Griechen-Bashing ist in, und die Hiebe sind nicht ganz unverdient. Lebenslange Waisenrenten unverheirateter oder geschiedener Beamtentöchter wurden zum Symbol sorgloser Prasserei von Phäaken auf Kosten tüchtiger und sparsamer Nord- und Mitteleuropäer. Wir bekämpfen umso erbitterter, was wir uns selbst schmerzlich versagen – oder weniger meisterhaft beherrschen: schamlos erfolgreich Schwindeln und „über die Verhältnisse leben.“

Doch „Griechen“ sind in uns und unter uns. Auch wir geben diesen Versuchungen tagtäglich nach: Kärnten ist Österreichs Griechenland und unser Pensionssystem (nicht nur in Kärnten) voll verführerisch „griechischer“ Praktiken – nicht nur für Militär, Polizei, Bahn, Bauern, Beamte, (National) Banker, Altpolitiker und Sozialbürokraten. Die Hypo-Alpe-Adria allein kostet uns mehr Steuereuros als Athen.

Eine Kärntner A-Beamtin bezieht 350.000 Euro mehr Pension als eine Bundesbeamtin und diese ebenso viel mehr als eine Akademikerin in der Privatwirtschaft – und wir Österreicher mit 525.000 bis 608.000 Dollar Lebenspensionssumme 39% mehr als Deutsche, 45% mehr als OECD- und 127% mehr als US-Bürger. Solche „Ruhegenüsse“ trotz Rekordfrühpensionen (90% vor 65) heißen bloß, dass trotz höchstem implizitem Beitragssatz (31%) an die PV-Kassen 30% der zugesicherten Pensionen nicht gedeckt sind; bei 24% Beitragslücke im Privat- und 49% im öffentlichen Sektor.

Doch während sich Frankreich alarmiert, 2050 könnte jede fünfte Pension nicht mehr aus Beiträgen gedeckt sein, bleiben wir bei jeder dritten 2010 ungedeckten Pension ultracool ungerührt. Ist das gelebter Stoizismus – oder doch bloß Blödheit, Todessehnsucht und Lust am Untergang, Funèbre mit Pomp&Trara?

Griechenland ist illiquid und insolvent. Ersteres wird durch Hilfspakete von IWF und EU vertagt und kritische Zeit gewonnen, Letzteres wohl nur durch Umschuldung aufzufangen sein. Strauss-Kahn’s Deflations-Szenario – Senken von Nominallöhnen und Preisen – wird bei weiterer Realitätsleugnung nicht funktionieren. Proteste gegen überlebensnötige Austerität erinnern an die Schrott-Airline Sabena: Piloten streikten noch am allerletzten „Werktag“ für höhere Gagen.
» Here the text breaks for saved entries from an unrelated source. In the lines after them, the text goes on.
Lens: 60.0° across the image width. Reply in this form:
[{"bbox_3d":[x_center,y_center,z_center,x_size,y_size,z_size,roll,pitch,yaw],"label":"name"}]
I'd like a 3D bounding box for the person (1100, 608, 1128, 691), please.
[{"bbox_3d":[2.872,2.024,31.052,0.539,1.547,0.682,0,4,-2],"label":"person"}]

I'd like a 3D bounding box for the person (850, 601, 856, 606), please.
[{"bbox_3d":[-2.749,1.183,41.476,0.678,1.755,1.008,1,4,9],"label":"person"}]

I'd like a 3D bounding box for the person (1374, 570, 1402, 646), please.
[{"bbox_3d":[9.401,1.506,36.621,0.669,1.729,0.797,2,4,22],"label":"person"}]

Was sonst ist aus der griechischen Tragödie zu lernen? Schwindeln geht leicht; aber nie dauerhaft. Billiges Geld konsumieren statt investieren ist sündteuer – es vernichtete in den USA seit 2000 Privatvermögensbildung von 20 Jahren. Zum Abbremsen der Schuldendynamik bräuchte Athen bis 2014 sechs Prozent Budgetüberschuss: Noch nie hat ein Staat so kurzfristig 20% Haushalt eingespart.
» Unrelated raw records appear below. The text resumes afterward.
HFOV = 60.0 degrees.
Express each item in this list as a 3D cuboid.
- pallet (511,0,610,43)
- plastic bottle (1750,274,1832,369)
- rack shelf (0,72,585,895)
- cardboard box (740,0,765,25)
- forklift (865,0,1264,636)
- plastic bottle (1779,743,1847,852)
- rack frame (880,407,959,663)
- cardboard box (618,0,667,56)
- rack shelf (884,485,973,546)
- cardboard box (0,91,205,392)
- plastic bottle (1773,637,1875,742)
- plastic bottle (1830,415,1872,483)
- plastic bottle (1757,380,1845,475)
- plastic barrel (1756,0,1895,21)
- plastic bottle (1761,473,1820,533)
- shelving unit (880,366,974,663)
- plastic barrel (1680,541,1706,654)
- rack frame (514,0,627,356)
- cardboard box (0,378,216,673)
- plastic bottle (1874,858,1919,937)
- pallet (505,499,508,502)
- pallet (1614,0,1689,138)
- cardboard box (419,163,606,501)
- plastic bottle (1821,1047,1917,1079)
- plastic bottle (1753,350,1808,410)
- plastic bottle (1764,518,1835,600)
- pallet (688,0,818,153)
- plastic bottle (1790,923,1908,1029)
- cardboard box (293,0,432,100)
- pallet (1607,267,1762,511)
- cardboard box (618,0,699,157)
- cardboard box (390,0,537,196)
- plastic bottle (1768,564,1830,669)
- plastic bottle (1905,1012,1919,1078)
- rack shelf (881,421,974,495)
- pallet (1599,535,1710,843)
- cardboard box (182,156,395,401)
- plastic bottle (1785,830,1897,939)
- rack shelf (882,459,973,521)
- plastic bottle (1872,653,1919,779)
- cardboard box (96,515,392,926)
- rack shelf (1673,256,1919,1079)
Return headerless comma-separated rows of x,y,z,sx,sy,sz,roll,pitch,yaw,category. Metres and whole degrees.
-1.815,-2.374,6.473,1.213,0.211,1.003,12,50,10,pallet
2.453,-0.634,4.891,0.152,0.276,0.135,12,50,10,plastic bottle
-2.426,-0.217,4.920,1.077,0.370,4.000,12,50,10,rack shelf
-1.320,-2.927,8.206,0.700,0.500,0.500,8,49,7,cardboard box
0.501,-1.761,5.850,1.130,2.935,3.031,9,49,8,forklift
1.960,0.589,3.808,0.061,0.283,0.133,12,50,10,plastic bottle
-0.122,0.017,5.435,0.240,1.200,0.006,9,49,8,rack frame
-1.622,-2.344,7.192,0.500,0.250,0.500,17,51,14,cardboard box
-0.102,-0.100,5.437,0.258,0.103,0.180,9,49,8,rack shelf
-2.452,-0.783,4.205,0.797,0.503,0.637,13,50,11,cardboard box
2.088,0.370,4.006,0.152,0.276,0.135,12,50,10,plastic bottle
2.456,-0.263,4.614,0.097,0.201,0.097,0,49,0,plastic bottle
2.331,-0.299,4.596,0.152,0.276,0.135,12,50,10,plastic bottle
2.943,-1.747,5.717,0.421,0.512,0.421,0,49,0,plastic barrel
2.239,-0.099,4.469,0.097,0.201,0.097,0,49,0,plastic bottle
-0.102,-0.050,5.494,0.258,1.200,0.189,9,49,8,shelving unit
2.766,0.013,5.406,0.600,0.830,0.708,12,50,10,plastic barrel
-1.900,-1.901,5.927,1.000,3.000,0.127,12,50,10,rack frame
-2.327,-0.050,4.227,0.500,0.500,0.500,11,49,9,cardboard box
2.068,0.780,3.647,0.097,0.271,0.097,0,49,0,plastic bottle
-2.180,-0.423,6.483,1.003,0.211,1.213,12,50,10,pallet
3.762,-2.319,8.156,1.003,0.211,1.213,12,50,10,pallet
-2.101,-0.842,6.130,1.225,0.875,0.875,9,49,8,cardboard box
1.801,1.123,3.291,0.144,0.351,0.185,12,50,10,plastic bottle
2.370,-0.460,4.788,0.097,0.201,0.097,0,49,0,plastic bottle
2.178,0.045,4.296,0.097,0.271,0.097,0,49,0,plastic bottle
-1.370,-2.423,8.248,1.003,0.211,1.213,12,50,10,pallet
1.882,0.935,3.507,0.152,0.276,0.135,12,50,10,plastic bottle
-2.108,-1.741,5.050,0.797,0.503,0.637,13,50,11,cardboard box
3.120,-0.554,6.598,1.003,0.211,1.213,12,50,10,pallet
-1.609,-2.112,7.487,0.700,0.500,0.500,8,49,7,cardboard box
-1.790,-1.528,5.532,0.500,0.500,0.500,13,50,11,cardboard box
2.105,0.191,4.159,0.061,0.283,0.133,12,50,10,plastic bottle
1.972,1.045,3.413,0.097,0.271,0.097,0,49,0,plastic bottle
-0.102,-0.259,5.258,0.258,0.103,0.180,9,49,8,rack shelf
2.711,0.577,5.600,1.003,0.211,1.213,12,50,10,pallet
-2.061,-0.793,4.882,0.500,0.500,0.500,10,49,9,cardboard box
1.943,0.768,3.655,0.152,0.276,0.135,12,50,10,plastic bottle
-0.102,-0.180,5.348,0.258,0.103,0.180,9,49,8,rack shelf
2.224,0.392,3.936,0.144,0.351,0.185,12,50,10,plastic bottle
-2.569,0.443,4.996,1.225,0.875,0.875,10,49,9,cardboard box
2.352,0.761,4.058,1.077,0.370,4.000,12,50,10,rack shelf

Mit Deflation droht anhaltende Wachstumsschwäche, wobei ein Prozent weniger Wachstum minus 20% Altersvorsorge oder zusätzliche fünf bis sechs Jahre länger arbeiten bedeutet. Auch außerhalb Griechenlands sind die alternsbedingten Ausgaben 20 Mal die Kosten von Finanzcrash und Weltwirtschaftskrise; also jedes Jahr bis 2030 die Kosten der Notpakete 2009. Ohne einheitliche EU-Wirtschaftspolitik wird sich der Euro längerfristig auflösen, und zwar von der „harten“ Nord-Euro-Währungszone her. Und der Süden könnte „Argentinien“ ab 2001 werden – hoffentlich ohne fünf Präsidenten in 13 Tagen und gewalttätige Cacerolazo mit zig Toten. (Bernd Marin, DER STANDARD; Printausgabe, 4.5.2010)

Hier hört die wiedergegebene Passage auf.